Statistical analyses

All data were evaluated first for normality and homogeneity of variances using the Kolmogorov–Smirnov test and Levene’s test, respectively, and then a three way analysis of variance (ANOVA) was performed on the data using SPSS 16 (SPSS, Chicago, IL, USA). When treatment effects were significant (P < 0.05), both the main effects and interaction effects of treatments factors were evaluated using a post hoc multiple comparison for observed means with Duncan’s multiple range test.

Principal component analysis (PCA) was performed to identify the most critical variables and their interrelations, using FactoMineR (et al. 2008) package in R software (R Foundation for Statistical Computing, Vienna, Austria). PCA transforms the observed variables linearly into orthogonal uncorrelated variables known as principal components (PC), which maintain the total variance in the original data. This analysis was performed on the correlation matrix, standardising data measured on different scales to unit variance. Therefore, the PCs become independent of the scale and units of the observed variables.


Plant growth and development

The patterns of treatment effects (i.e. liming, organic fertiliser and biochar) on plant height, stem thickness, leaf area and chlorophyll concentrations were consistent at all four sampling dates. Therefore, for brevity we present data for the last sampling only (Table 2). Plants on limed soil and amended with organic fertiliser and/or biochar were taller and thicker, had higher chlorophyll concentration, and developed faster (earlier tasselling and silking) than those on unlimed soils without organic fertiliser; these responses marginally increased with biochar addition at 30 Mg/ha. None of the amendments had a significant effect on the number of ears produced per plant, but the weight of ears was significantly higher for plants grown on limed soils and was increased further with additions of organic fertiliser and biochar (Table 3). There was no significant difference in cob weight between biochar applications at 10 and 30 Mg/ha.

Table 2. 

Plant growth variables for baby corn in response to applications of lime, organic fertiliser and biochar on an acid sulfate soil.CP21812_T2.gif

Table 3. 

Development, cob yield and yield variables for baby corn in response to applications of lime, organic fertiliser and biochar on an acid sulfate soil.CP21812_T3.gif

Responses in growth variables

Biochar applied at 30 Mg/ha increased plant height, leaf area and stem diameter on unlimed soil irrespective of organic fertiliser addition (Table 2). Chlorophyll concentration was not significantly affected by biochar addition on unlimed soil but was increased when biochar was applied at either 10 or 30 Mg/ha on limed soil with or without organic fertiliser. Organic fertiliser increased plant height, leaf area and stem diameter only on unlimed soil, but had no significant effect on chlorophyll concentration. Lime addition significantly increased all growth variables except chlorophyll concentration.
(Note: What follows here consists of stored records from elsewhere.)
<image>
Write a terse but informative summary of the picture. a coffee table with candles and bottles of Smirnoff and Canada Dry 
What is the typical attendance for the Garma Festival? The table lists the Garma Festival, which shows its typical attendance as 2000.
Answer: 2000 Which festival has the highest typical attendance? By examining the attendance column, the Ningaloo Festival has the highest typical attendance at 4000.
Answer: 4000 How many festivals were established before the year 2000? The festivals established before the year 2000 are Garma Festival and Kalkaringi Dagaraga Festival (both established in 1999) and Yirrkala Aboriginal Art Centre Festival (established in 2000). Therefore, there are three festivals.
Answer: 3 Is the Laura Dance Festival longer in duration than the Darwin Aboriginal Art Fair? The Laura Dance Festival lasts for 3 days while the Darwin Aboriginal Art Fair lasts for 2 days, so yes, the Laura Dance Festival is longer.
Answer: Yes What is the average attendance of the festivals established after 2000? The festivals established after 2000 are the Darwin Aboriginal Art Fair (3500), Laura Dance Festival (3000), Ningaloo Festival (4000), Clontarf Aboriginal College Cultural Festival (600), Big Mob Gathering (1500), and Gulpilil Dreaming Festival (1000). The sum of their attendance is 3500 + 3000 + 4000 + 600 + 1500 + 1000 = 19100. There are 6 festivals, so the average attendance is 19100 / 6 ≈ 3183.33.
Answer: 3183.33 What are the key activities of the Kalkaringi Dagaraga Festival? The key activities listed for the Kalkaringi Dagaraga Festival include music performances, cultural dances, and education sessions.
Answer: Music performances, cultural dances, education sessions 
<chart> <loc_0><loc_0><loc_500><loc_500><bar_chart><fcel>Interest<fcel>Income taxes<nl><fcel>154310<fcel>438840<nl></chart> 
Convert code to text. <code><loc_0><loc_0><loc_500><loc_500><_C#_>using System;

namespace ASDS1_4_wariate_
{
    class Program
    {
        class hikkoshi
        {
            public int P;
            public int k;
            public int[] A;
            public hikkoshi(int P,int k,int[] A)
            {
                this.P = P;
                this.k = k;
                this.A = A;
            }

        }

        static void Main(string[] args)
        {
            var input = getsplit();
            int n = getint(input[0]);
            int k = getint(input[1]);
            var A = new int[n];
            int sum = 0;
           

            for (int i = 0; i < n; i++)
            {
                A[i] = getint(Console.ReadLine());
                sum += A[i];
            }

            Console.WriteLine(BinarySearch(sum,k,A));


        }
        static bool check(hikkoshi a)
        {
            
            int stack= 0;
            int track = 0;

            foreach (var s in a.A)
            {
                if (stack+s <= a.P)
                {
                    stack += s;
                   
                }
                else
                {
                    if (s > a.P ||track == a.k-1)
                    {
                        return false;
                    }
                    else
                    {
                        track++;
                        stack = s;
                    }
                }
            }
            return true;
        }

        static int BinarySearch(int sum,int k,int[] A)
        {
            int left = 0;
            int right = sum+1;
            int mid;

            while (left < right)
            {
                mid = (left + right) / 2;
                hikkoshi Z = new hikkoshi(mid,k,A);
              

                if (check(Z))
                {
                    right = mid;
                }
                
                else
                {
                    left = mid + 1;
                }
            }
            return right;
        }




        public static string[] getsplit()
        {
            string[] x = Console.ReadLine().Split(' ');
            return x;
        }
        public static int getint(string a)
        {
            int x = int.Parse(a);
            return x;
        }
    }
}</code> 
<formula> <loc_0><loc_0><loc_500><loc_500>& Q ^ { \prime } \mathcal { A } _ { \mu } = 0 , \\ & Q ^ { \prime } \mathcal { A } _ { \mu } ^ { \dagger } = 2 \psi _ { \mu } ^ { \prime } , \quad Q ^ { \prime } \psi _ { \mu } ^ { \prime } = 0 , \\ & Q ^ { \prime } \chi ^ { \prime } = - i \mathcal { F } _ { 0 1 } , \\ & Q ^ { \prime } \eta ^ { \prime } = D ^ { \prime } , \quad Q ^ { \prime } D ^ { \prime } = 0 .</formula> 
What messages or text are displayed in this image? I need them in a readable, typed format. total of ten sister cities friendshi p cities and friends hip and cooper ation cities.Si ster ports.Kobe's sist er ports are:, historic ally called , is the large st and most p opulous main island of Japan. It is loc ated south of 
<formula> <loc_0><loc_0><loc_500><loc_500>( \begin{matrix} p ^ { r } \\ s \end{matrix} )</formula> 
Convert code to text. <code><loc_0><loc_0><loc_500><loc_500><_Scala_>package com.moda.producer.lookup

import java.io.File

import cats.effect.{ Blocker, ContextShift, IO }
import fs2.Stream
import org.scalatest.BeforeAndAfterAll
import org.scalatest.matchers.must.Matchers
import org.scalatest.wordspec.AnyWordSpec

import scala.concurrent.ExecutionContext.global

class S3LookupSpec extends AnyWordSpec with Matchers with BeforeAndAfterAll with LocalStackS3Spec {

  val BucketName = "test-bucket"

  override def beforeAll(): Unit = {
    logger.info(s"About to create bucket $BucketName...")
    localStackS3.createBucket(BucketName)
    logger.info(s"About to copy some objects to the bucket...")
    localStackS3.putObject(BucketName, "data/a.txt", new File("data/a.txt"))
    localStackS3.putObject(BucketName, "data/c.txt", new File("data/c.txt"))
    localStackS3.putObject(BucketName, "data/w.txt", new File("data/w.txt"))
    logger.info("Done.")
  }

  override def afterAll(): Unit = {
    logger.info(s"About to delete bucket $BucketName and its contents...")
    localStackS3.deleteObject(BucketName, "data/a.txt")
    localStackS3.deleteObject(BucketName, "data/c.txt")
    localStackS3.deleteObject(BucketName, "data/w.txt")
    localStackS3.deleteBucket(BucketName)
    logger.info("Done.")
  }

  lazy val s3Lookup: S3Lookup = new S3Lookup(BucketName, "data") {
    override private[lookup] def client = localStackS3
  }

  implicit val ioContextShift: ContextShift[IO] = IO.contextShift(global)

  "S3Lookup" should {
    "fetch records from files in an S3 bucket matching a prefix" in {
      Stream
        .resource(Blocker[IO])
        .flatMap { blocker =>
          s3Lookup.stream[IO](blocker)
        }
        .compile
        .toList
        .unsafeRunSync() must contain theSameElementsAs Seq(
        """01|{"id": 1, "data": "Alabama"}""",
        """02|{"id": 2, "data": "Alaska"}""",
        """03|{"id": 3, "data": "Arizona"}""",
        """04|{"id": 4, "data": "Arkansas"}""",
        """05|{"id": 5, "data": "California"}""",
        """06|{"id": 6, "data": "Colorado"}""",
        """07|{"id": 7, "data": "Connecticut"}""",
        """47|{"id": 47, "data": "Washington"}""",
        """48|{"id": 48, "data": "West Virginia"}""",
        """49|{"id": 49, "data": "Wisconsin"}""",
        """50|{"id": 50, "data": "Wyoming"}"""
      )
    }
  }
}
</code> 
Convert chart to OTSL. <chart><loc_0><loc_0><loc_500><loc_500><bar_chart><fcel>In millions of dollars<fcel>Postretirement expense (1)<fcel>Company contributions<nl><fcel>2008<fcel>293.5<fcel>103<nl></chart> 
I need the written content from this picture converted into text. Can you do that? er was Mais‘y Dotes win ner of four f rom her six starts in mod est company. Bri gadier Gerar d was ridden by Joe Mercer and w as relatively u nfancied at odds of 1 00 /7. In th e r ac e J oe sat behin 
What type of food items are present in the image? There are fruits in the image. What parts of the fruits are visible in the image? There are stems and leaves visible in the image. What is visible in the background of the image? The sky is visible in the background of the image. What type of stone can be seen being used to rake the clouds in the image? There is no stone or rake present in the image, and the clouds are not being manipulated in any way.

Responses in phenology, yield and yield variables

Addition of biochar at 30 Mg/ha reduced the time to tasselling and silking by as much as 4 days on unlimed soil, but not on limed soil irrespective of organic fertiliser treatment (Table 3). Organic fertiliser addition hastened tasselling and silking by up to 5 days on unlimed soil but not on limed soil. Plants on limed soil also attained tasselling and silking earlier than those on unlimed soil.

The number of ears produced per plant was not affected by the treatments, in contrast to the yield response (total weights of the cob produced) (Table 3). Biochar applied at 30 Mg/ha increased cob yield on both unlimed and limed soil with or without organic fertiliser addition. Organic fertiliser addition increased cob yield by almost 16% on unlimed soil but not on limed soil, where its impact was modest. Overall, liming of the soil significantly increased cob yield by about 30%.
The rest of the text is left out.